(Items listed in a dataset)
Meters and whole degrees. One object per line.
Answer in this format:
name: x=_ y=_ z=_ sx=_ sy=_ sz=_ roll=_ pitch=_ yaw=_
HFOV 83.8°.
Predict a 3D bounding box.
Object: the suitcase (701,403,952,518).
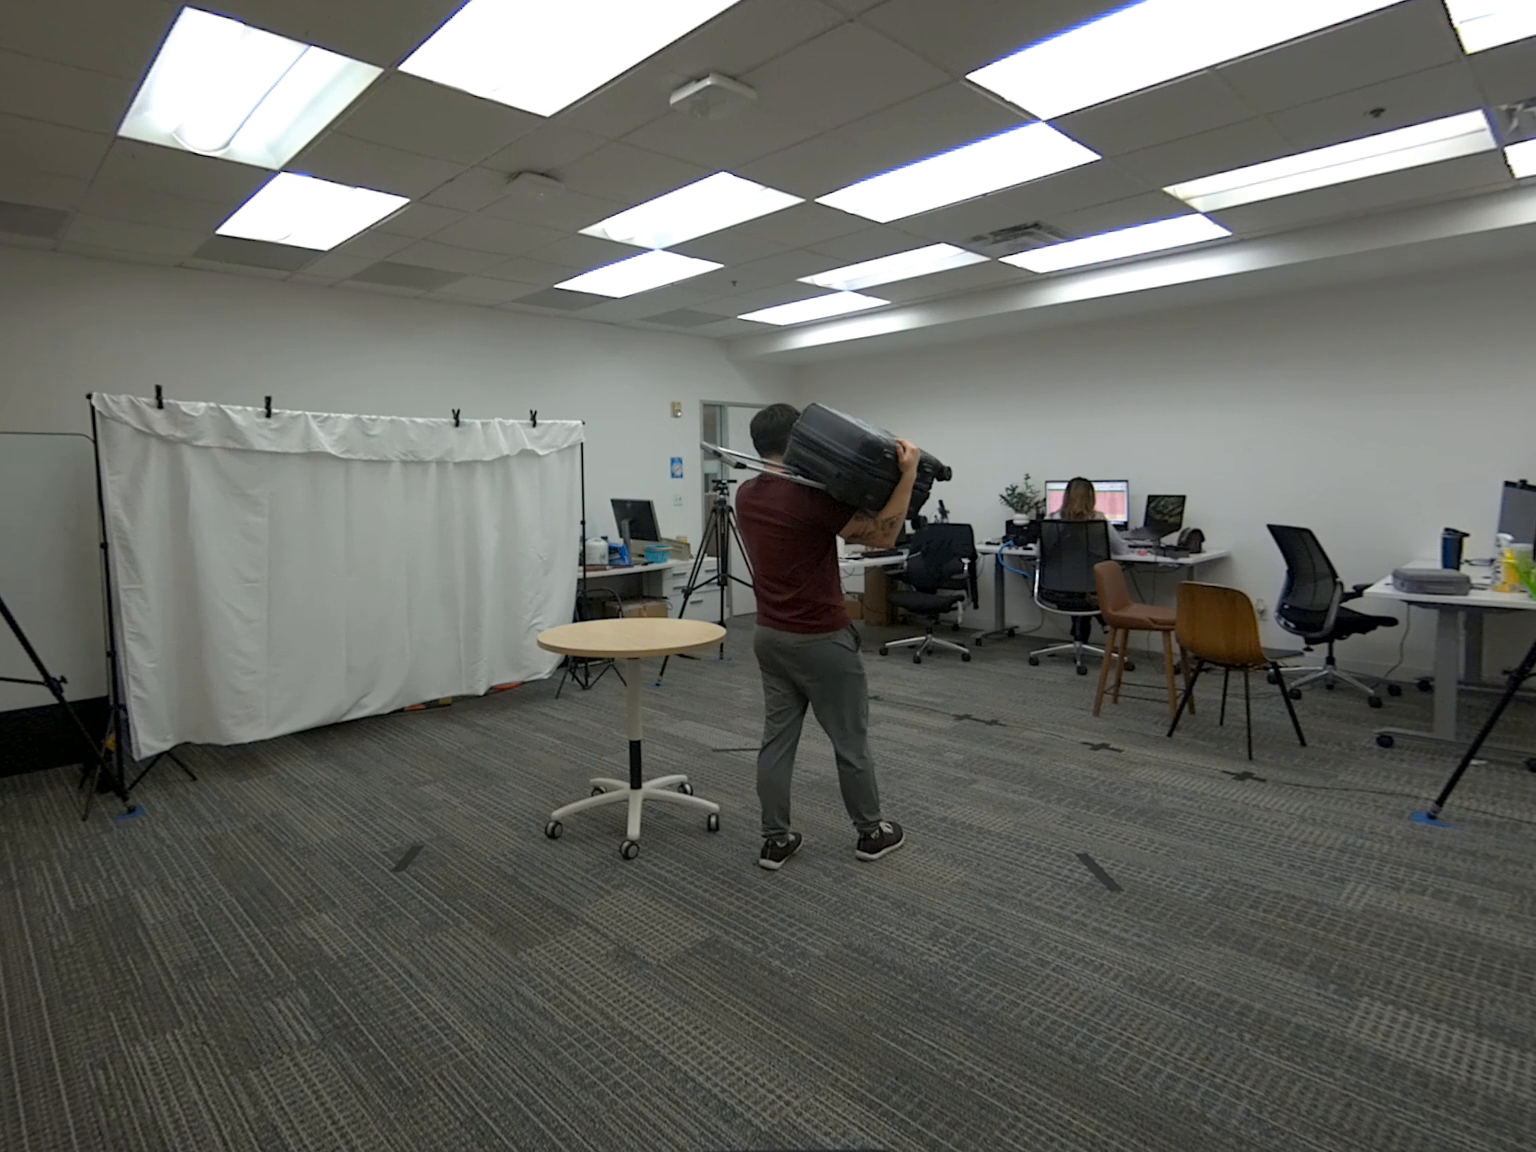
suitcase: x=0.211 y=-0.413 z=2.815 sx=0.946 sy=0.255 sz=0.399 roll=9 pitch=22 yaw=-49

---

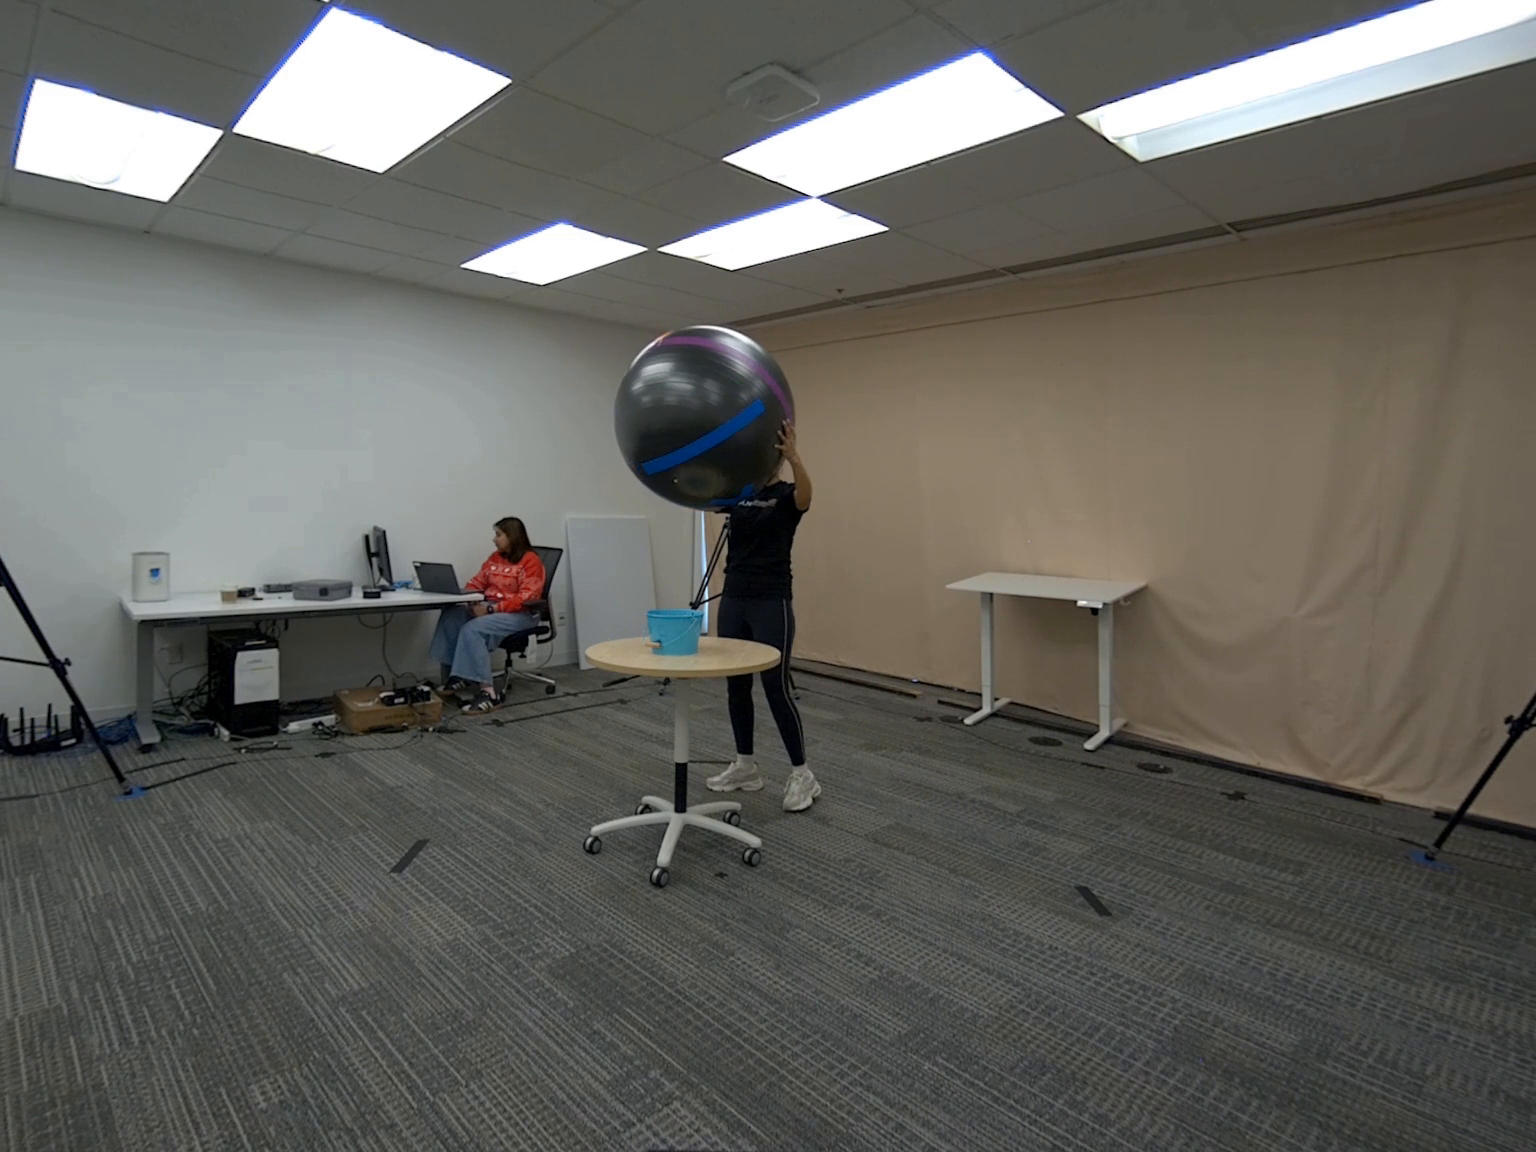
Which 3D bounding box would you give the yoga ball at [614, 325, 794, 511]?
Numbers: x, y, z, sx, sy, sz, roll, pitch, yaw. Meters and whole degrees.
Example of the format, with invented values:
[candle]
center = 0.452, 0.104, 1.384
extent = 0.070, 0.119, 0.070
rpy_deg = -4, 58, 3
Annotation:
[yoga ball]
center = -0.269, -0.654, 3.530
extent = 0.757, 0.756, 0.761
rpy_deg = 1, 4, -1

Prompt
Pull every line containing the string "whole" out of the data above and copy it.

Result
Meters and whole degrees. One object per line.
Numbers: x, y, z, sx, sy, sz, roll, pitch, yaw. Meters and whole degrees.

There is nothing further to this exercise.